What you will do: The records below are to be copied exactly, with their pictures left out.

Task data:
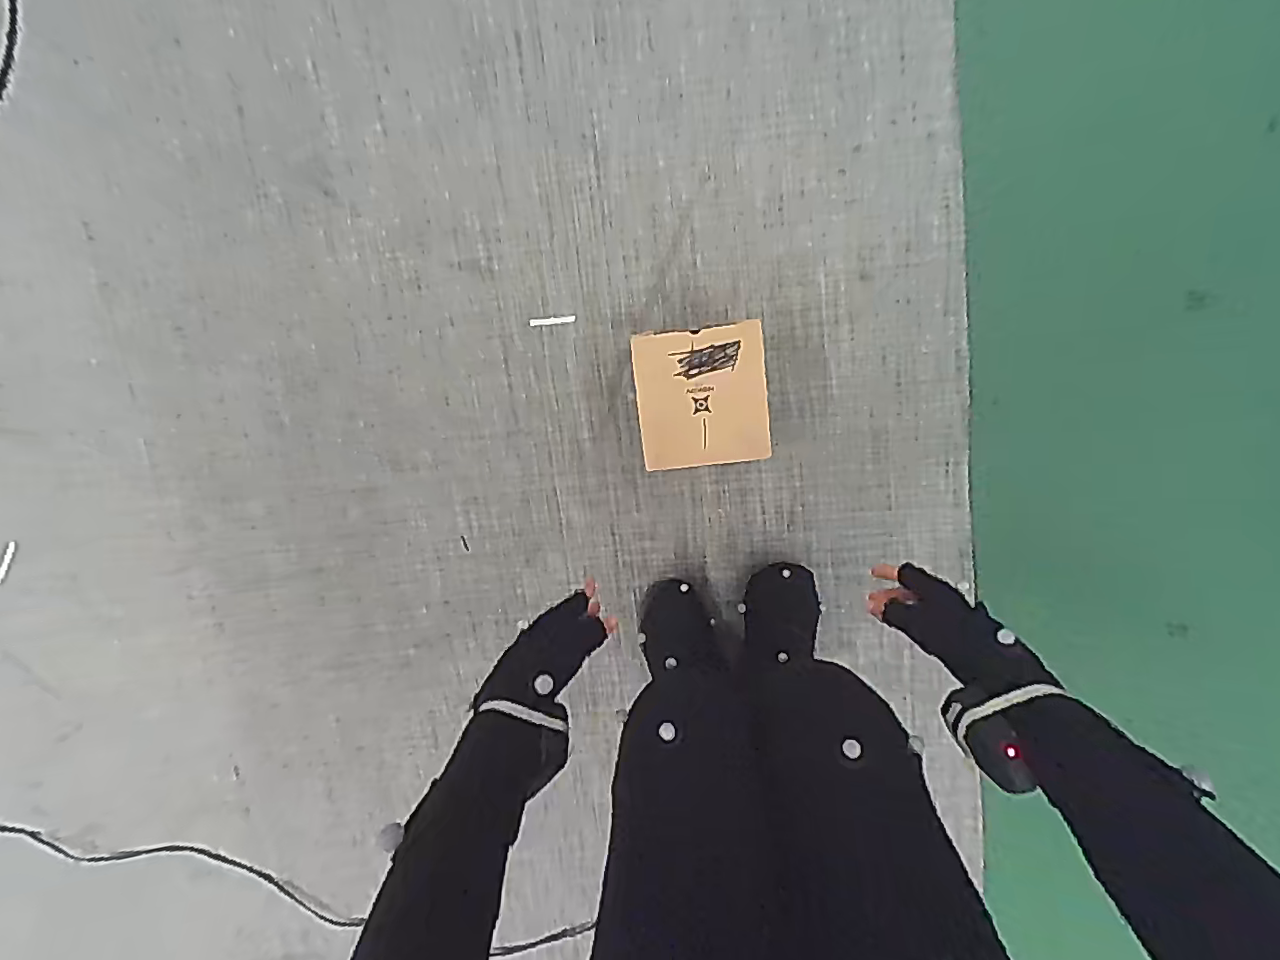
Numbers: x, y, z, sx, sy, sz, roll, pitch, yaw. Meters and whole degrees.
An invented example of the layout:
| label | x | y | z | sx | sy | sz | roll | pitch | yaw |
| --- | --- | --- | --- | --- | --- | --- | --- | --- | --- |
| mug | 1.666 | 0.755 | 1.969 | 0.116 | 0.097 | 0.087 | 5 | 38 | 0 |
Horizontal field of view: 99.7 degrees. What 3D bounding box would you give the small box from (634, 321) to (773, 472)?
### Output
| label | x | y | z | sx | sy | sz | roll | pitch | yaw |
| --- | --- | --- | --- | --- | --- | --- | --- | --- | --- |
| small box | 0.084 | -0.116 | 0.763 | 0.168 | 0.176 | 0.179 | -6 | 100 | 5 |
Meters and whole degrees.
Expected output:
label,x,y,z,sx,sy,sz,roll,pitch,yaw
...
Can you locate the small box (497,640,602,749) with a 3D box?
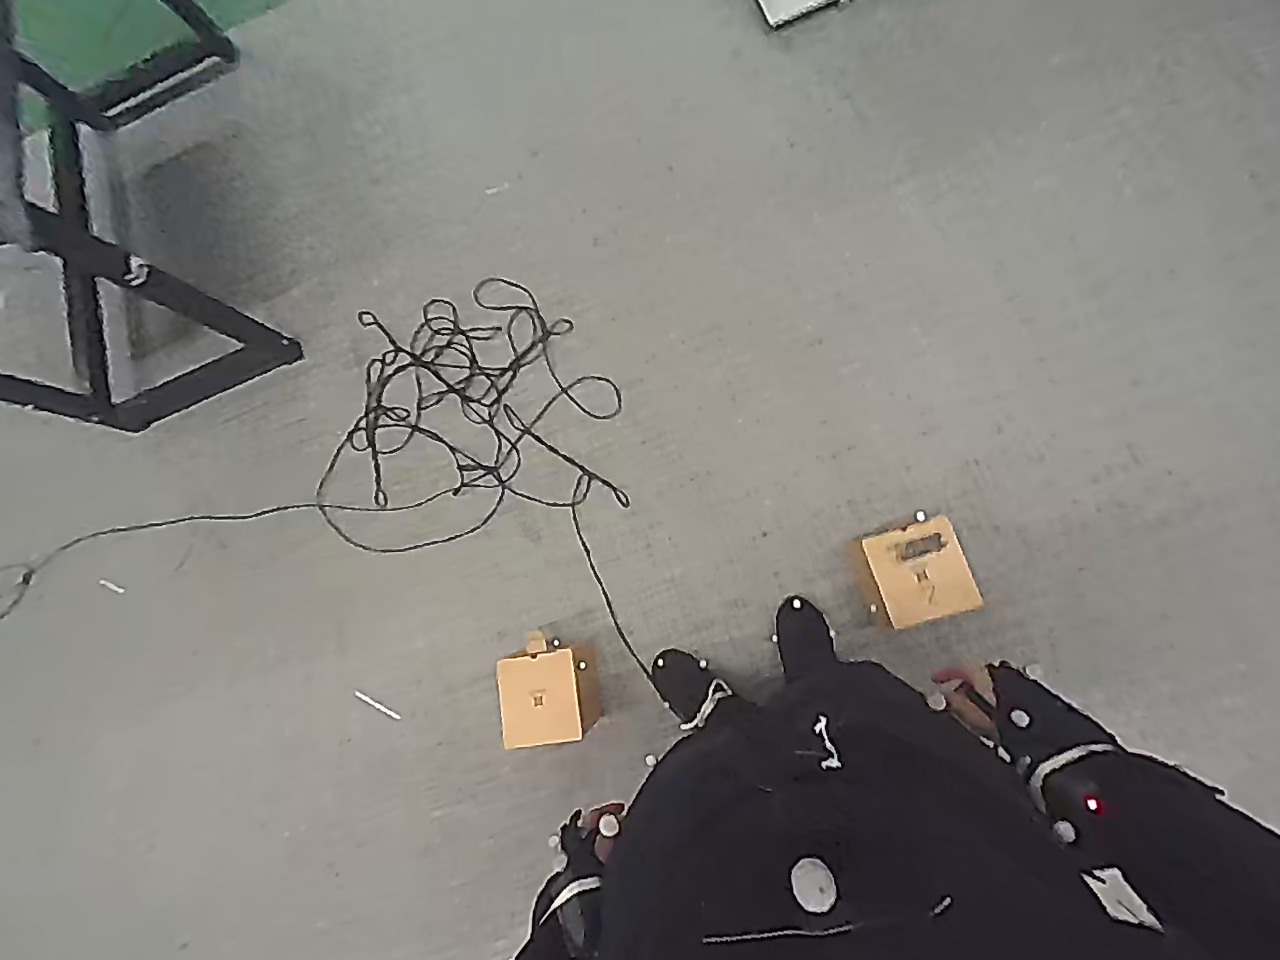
label,x,y,z,sx,sy,sz,roll,pitch,yaw
small box,-0.187,0.451,1.157,0.168,0.176,0.179,-11,77,8
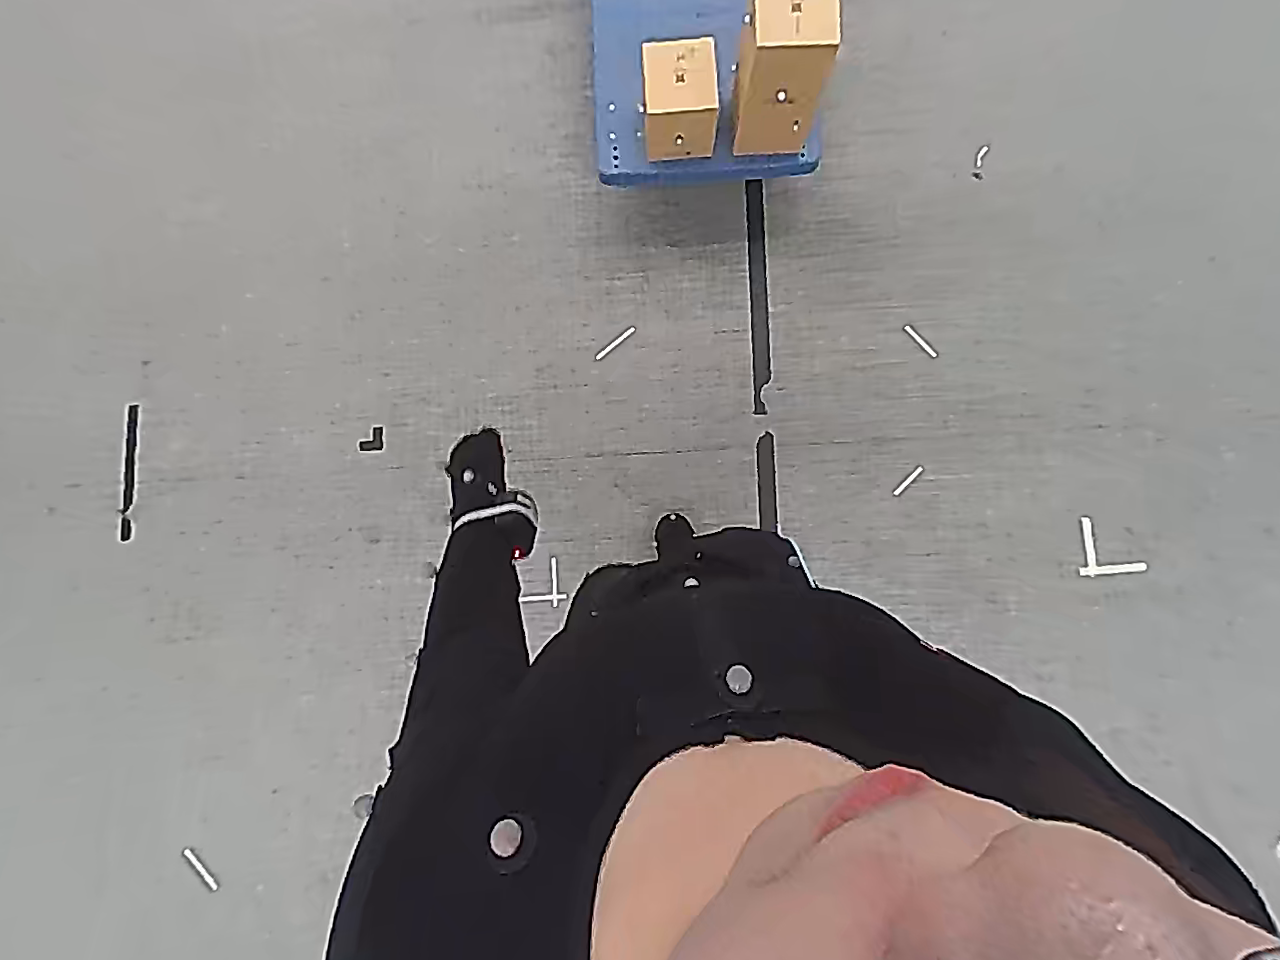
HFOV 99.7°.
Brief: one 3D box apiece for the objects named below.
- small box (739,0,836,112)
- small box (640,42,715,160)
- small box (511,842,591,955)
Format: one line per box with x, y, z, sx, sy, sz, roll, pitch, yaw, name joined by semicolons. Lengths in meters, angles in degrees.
0.304;-0.923;1.145;0.168;0.176;0.179;-1;86;2;small box
0.089;-0.909;1.315;0.168;0.176;0.179;-4;85;1;small box
-0.219;1.057;1.376;0.179;0.176;0.168;0;86;3;small box

Exercise output:
Numbers: x, y, z, sx, sy, sz, roll, pitch, yaw. Meters and whole degrees.
An invented example of the layout:
| label | x | y | z | sx | sy | sz | roll | pitch | yaw |
| --- | --- | --- | --- | --- | --- | --- | --- | --- | --- |
| mug | 1.666 | 0.755 | 1.969 | 0.116 | 0.097 | 0.087 | 5 | 38 | 0 |
Horizontal field of view: 99.7 degrees. What 3D bounding box would you give the small box from (634, 321) to (773, 472)?
### Output
| label | x | y | z | sx | sy | sz | roll | pitch | yaw |
| --- | --- | --- | --- | --- | --- | --- | --- | --- | --- |
| small box | 0.084 | -0.116 | 0.763 | 0.168 | 0.176 | 0.179 | -6 | 100 | 5 |
Meters and whole degrees.
Expected output:
label,x,y,z,sx,sy,sz,roll,pitch,yaw
...
Can you locate the small box (497,640,602,749) with a 3D box?
label,x,y,z,sx,sy,sz,roll,pitch,yaw
small box,-0.187,0.451,1.157,0.168,0.176,0.179,-11,77,8
HFOV 99.7°.
Brief: one 3D box apiece for the objects named below.
- small box (739,0,836,112)
- small box (640,42,715,160)
- small box (511,842,591,955)
Format: one line per box with x, y, z, sx, sy, sz, roll, pitch, yaw, name joined by semicolons. Lengths in meters, angles in degrees.
0.304;-0.923;1.145;0.168;0.176;0.179;-1;86;2;small box
0.089;-0.909;1.315;0.168;0.176;0.179;-4;85;1;small box
-0.219;1.057;1.376;0.179;0.176;0.168;0;86;3;small box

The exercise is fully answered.